Critical roles of FAM134B in ER-phagy and diseases

Abstract

FAM134B (also called JK-1, RETREG1), a member of the family with sequence similarity 134, was originally discovered as an oncogene in esophageal squamous cell carcinoma. However, its most famous function is that of an ER-phagy-regulating receptor. Over the decades, the powerful biological functions of FAM134B were gradually revealed. Overwhelming evidence indicates that its dysfunction is related to pathophysiological processes such as neuropathy, viral replication, inflammation, and cancer. This review describes the biological functions of FAM134B, focusing on its role in ER-phagy. In addition, we summarize the diseases in which it is involved and review the underlying mechanisms.

Fig. 1. FAM134B is characterized by two important domains: the RHD and the LIR.
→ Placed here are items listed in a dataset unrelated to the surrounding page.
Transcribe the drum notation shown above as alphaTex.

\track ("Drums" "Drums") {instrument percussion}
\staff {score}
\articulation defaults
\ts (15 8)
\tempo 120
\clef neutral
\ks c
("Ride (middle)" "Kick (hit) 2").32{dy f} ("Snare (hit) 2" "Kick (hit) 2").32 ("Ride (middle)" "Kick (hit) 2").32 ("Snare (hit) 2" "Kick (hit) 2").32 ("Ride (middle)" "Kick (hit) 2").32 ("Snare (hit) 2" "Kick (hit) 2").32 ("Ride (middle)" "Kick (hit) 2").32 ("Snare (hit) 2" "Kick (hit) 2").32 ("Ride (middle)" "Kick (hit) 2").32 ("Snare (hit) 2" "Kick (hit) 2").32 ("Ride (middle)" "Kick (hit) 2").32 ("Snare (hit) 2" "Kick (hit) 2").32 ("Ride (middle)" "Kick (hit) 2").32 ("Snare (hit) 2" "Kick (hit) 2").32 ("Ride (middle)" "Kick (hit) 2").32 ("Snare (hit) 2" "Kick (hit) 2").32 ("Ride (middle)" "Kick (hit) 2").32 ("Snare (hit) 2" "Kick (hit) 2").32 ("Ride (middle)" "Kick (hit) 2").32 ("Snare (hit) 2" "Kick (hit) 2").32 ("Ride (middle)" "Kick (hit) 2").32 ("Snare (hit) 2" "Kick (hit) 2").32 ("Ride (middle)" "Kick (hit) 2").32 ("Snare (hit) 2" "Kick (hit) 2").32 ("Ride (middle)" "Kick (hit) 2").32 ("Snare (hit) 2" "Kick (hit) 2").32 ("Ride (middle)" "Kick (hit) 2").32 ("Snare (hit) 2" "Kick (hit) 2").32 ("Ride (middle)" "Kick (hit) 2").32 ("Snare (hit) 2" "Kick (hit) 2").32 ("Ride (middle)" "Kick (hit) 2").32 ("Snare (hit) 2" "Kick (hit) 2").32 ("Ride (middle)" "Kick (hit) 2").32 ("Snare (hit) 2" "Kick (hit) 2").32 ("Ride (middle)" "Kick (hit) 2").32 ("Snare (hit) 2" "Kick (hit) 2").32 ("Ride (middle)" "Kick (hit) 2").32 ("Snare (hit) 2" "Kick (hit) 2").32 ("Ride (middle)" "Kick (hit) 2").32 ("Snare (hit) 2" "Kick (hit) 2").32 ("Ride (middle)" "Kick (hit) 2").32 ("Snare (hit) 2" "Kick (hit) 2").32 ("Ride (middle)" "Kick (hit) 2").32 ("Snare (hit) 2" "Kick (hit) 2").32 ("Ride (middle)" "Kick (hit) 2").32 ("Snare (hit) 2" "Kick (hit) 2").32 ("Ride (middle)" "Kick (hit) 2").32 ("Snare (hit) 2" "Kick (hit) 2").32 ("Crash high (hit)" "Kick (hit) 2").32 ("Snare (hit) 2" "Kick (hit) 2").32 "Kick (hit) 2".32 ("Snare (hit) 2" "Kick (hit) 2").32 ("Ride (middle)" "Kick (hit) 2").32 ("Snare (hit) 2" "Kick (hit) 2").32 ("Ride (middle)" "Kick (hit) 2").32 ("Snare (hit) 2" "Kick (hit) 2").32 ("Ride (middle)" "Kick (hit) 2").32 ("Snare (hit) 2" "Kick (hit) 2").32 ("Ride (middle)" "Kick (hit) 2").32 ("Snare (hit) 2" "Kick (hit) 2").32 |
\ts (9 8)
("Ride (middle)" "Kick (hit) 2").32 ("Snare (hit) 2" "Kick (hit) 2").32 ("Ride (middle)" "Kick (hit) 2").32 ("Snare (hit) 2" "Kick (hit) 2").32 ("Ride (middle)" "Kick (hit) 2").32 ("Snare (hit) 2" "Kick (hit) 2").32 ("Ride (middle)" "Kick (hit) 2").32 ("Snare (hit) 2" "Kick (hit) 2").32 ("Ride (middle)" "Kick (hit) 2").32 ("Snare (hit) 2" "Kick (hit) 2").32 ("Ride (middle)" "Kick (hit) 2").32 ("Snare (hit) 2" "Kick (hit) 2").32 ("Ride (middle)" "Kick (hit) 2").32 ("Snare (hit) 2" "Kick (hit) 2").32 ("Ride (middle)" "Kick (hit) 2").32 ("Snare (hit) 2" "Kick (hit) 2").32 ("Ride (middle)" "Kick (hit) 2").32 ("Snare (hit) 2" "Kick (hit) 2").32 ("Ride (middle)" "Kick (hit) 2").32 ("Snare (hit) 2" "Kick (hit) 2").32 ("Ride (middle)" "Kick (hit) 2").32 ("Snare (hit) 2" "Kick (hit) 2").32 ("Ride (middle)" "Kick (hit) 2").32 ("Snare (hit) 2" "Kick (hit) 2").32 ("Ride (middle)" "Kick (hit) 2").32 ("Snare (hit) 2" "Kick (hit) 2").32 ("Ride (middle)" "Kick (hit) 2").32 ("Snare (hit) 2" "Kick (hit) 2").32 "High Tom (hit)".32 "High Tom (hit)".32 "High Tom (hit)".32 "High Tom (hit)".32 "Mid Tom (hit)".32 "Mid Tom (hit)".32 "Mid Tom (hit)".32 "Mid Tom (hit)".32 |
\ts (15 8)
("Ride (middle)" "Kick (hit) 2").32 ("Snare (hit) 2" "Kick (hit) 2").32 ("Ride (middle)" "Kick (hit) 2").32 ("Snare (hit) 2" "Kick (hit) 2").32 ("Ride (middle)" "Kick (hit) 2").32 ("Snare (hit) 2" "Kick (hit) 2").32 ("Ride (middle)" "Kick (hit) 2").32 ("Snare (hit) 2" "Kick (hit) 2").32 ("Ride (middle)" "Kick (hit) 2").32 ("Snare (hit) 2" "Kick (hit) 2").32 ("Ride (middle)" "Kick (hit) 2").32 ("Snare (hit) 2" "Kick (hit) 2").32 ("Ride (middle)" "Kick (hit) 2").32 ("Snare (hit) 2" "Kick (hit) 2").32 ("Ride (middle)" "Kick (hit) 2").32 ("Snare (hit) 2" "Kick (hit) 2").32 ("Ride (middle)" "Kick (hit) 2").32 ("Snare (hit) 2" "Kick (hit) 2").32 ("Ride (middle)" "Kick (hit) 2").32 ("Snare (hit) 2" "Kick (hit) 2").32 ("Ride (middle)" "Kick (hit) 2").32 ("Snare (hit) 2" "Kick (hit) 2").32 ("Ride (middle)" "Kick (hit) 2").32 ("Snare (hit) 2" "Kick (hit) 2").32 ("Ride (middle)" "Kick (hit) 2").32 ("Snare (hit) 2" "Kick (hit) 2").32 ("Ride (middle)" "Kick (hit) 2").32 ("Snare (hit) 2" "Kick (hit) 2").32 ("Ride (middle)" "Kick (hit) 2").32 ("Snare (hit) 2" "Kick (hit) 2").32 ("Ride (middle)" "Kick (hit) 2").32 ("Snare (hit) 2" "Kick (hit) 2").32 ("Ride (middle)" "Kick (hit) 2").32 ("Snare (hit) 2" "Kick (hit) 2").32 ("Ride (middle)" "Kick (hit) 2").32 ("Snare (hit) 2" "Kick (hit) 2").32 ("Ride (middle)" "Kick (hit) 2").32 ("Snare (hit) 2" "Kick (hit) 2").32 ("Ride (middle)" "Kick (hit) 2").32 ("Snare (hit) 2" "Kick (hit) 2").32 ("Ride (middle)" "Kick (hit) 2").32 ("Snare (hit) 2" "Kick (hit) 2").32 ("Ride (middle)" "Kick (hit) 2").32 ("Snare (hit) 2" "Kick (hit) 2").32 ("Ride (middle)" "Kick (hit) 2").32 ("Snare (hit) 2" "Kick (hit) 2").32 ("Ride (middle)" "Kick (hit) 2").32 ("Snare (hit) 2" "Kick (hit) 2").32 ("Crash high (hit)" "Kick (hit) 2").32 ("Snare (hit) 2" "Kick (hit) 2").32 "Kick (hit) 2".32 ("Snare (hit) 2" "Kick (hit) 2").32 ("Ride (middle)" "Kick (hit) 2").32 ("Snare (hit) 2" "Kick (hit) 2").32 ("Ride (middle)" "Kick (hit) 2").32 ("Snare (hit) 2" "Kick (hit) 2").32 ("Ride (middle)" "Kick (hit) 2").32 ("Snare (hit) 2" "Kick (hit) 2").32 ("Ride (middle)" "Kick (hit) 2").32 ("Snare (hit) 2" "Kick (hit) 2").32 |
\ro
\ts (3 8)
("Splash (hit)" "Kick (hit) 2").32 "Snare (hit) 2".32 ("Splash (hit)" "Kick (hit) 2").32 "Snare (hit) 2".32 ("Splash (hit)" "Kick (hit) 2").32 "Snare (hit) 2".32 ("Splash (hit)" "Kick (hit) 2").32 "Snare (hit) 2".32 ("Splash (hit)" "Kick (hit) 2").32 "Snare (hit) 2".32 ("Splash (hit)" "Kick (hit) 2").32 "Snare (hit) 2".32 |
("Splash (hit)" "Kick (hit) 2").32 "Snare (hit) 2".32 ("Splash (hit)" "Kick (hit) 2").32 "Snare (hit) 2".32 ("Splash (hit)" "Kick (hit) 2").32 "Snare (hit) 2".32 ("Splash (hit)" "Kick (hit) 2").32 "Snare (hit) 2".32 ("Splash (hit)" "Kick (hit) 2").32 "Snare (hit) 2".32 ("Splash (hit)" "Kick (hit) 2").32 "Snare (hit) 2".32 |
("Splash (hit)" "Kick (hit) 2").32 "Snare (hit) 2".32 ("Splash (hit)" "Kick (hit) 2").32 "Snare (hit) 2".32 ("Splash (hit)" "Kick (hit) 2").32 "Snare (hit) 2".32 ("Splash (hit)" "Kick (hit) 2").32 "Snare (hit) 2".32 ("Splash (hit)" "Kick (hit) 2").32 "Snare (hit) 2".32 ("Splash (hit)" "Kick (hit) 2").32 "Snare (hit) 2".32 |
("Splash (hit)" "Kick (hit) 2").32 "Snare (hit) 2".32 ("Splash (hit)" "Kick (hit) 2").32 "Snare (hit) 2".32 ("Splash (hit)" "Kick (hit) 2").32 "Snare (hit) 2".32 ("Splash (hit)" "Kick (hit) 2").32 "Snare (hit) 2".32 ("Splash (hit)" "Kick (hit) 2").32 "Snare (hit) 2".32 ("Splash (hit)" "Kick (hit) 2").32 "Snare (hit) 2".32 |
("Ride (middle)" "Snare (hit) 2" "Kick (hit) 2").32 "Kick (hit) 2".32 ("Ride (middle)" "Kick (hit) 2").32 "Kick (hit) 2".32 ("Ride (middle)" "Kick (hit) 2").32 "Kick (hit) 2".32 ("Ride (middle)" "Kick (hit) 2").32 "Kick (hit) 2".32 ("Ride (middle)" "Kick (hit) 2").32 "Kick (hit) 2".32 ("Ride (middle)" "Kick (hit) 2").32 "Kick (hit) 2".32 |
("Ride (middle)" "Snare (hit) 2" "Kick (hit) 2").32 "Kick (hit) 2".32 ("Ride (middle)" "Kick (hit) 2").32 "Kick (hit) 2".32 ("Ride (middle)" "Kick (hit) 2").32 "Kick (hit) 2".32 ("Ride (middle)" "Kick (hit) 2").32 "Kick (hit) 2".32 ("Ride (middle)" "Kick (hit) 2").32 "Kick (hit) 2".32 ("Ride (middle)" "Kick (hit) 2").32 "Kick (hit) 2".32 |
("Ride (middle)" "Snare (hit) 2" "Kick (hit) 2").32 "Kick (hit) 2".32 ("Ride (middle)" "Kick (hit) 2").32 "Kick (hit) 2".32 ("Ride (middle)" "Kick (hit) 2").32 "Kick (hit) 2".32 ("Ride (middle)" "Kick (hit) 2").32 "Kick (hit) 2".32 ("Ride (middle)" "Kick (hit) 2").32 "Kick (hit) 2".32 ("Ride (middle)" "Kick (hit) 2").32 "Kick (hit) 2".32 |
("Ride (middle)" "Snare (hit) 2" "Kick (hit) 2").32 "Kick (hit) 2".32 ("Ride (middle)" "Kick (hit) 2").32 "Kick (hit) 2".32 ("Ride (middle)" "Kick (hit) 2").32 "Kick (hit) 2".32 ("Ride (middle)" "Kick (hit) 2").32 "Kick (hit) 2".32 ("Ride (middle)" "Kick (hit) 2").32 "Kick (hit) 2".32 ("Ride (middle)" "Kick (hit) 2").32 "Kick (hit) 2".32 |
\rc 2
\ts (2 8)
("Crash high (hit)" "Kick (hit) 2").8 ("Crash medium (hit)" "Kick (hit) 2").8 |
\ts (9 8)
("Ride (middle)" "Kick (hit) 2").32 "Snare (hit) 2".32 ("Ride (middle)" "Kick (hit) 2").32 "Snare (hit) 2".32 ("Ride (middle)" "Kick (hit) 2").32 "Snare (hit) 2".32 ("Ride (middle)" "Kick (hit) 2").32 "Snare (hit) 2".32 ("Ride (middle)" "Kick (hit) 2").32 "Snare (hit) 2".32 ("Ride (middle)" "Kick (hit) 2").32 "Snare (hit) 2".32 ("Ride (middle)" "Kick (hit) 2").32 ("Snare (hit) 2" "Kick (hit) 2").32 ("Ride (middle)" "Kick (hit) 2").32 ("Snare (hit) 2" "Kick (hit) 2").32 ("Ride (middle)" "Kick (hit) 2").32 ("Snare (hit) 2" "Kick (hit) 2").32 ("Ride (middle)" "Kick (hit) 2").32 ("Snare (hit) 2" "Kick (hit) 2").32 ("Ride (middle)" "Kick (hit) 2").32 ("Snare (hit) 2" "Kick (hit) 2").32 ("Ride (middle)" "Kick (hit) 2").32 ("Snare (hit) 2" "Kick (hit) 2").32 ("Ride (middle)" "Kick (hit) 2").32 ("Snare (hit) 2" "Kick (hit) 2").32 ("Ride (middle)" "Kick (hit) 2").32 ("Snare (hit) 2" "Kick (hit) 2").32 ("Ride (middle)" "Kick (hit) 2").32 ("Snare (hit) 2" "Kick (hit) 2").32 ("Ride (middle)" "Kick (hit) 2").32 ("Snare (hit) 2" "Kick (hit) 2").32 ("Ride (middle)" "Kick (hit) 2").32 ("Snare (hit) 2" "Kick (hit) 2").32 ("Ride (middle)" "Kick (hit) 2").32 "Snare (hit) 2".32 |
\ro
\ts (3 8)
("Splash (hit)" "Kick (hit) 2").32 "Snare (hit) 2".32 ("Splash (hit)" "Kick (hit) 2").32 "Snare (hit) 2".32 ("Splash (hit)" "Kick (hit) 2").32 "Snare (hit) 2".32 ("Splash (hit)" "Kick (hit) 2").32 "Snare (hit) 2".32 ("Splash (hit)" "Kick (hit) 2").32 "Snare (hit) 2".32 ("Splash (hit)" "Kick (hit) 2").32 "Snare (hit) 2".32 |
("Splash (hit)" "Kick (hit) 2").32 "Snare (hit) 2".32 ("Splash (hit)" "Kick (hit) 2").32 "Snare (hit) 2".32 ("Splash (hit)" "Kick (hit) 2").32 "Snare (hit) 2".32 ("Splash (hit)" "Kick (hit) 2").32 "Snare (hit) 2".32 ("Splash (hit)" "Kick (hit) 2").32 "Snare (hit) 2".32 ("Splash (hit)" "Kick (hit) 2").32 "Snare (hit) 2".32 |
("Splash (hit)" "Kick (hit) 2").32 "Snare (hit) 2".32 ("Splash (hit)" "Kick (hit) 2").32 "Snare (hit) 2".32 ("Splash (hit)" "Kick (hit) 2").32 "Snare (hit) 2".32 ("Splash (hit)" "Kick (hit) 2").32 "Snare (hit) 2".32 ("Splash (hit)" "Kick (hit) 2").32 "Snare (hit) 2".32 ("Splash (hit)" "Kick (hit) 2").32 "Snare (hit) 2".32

The RHD contains two transmembrane segments (TM1–2, TM3–4, green), which are bridged by a flexible linker, and two additional terminal segments. The C-terminal segment and partial linker form amphipathic helices (AHL, AHC, gray). Three phosphorylation sites (S149, S151, and S153; orange) in the RHD are involved in protein oligomerization. Mutations of Q145 and cleavage sites of ZIKV R142X reside in the RHD, producing a truncated protein (yellow). The genetic variant G216R is a gain-of-function mutant causing excessive ER-phagy (yellow). The S309X product lacks the LIR motif so that it cannot interact with LC3-like proteins (red dotted line).

Fig. 2. In ER-phagy, FAM134B senses and induces ER membrane curvature via the RHD.

In the meantime, LIR binds to the autophagosome generating a pulling force, so that the ER membrane forms vesicles, which pinch off and are then engulfed by the phagophore. CAMK2B phosphorylates FAM134B leading to oligomerization, ER fragmentation, and ER-phagy. High levels of AMFR lead to destabilized OMM and exposed IMM. FAM134B promotes the formation of the mitophagophore by interacting with OPA1. Besides, by potentiating mitophagy, it improves preadipocytes differentiation. CANX recognizes misfolded procollagens and interacts with FAM134B. Next, FAM134B binds to the autophagosome and delivers cargos to the lysosome for degradation. ATZ polymers are degraded through the ERLAD pathway. In this process, FAM134B helps the polymers enter the vesicles from the ER domain, and promotes the docking of these ER-derived vesicles to lysosomes. CANX segregates ATZ polymers into ER subdomains and forms a CNX:FAM134B:LC3B complex for the next step. In the liver, starvation induces C/EBPβ expression, which then increases the expression of FAM134B-2. FAM134B-2 interacts with LC3B and its lysosomal degradation is increased under starvation, indicating that it plays a role in starvation-induced hepatic ER-phagy.

Fig. 3. Mutations of FAM134B disturb ER-phagy and may cause alterations of Golgi structure.

Related pathological processes might break the homeostasis of neural cells, leading to the progression of HSAN II. FAM134B obstructs the replication of DENV, ZIKV, and EBOV. Consequently, DENV and ZIKV cleave FAM134B to subvert ER-phagy. FAM134B acts as an oncogene in HCC and ESCC, but it plays a tumor suppressor role in CRC. In HCC, FAM134B activates the Akt signaling pathway, promoting cell proliferation and metastasis. In CRC, FAM134B is not only located in the cytoplasm but also in the nucleus. However, the role it plays in the nucleus is still unclear. FAM134B and TNFRSF19 show a strong synergy in vascular dementia. Their effect may be related to their roles in the Golgi apparatus. In AR, the expression of CD39 on Treg cells is negatively correlated with the expression of FAM134B on monocytes. The CD39 expressed by Treg cells can hydrolyze extracellular ATP to suppress asthmatic airway inflammation. However, ATP can increase the expression levels of FAM134B in CD4⁺ blood monocytes. Thus, ATP may be a link between CD39 and FAM134B in AR.

Fig. 4. In HCC, FAM134B activates Akt to induce GSK3-β phosphorylation and subsequent dysfunction.

GSK3-β phosphorylates β-catenin and Snail, leading to their degradation. Thus, by activating Akt, FAM134B inactivates GSK3-β, stabilizes β-catenin, and Snail. On the one hand, the increasing β-catenin translocates into the nucleus and interacts with TCF/LEF to increase the expression of CyclinD1 to promote cell proliferation. On the other hand, Snail suppresses E-cadherin expression via directly impinging on its promoter to trigger EMT in the nucleus.